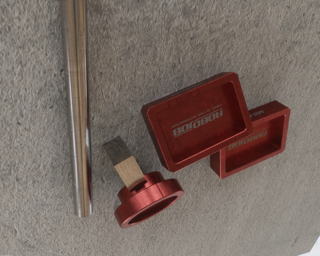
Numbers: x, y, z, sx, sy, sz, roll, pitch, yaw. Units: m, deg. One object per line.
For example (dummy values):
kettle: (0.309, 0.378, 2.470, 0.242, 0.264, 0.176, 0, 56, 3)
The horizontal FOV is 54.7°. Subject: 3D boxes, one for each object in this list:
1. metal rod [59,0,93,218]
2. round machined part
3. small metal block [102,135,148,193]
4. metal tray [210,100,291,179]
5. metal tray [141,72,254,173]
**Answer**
metal rod: (-0.091, -0.017, 0.347, 0.025, 0.025, 0.298, -9, 123, -24)
round machined part: (-0.019, 0.095, 0.428, 0.099, 0.042, 0.098, -26, 158, -11)
small metal block: (-0.045, 0.045, 0.395, 0.025, 0.050, 0.050, -30, 127, -9)
metal tray: (0.143, 0.018, 0.495, 0.131, 0.030, 0.089, -20, 127, -17)
metal tray: (0.051, -0.010, 0.407, 0.131, 0.030, 0.090, -24, 106, -14)

- _What is required_:
Each record above must be retyped exactly, minus its pictures.

- _Completed task_:
Numbers: x, y, z, sx, sy, sz, roll, pitch, yaw. Units: m, deg. One object per line.
For example (dummy values):
kettle: (0.309, 0.378, 2.470, 0.242, 0.264, 0.176, 0, 56, 3)
The horizontal FOV is 54.7°. Subject: 3D boxes, one for each object in this list:
1. metal rod [59,0,93,218]
2. round machined part
3. small metal block [102,135,148,193]
4. metal tray [210,100,291,179]
5. metal tray [141,72,254,173]
**Answer**
metal rod: (-0.091, -0.017, 0.347, 0.025, 0.025, 0.298, -9, 123, -24)
round machined part: (-0.019, 0.095, 0.428, 0.099, 0.042, 0.098, -26, 158, -11)
small metal block: (-0.045, 0.045, 0.395, 0.025, 0.050, 0.050, -30, 127, -9)
metal tray: (0.143, 0.018, 0.495, 0.131, 0.030, 0.089, -20, 127, -17)
metal tray: (0.051, -0.010, 0.407, 0.131, 0.030, 0.090, -24, 106, -14)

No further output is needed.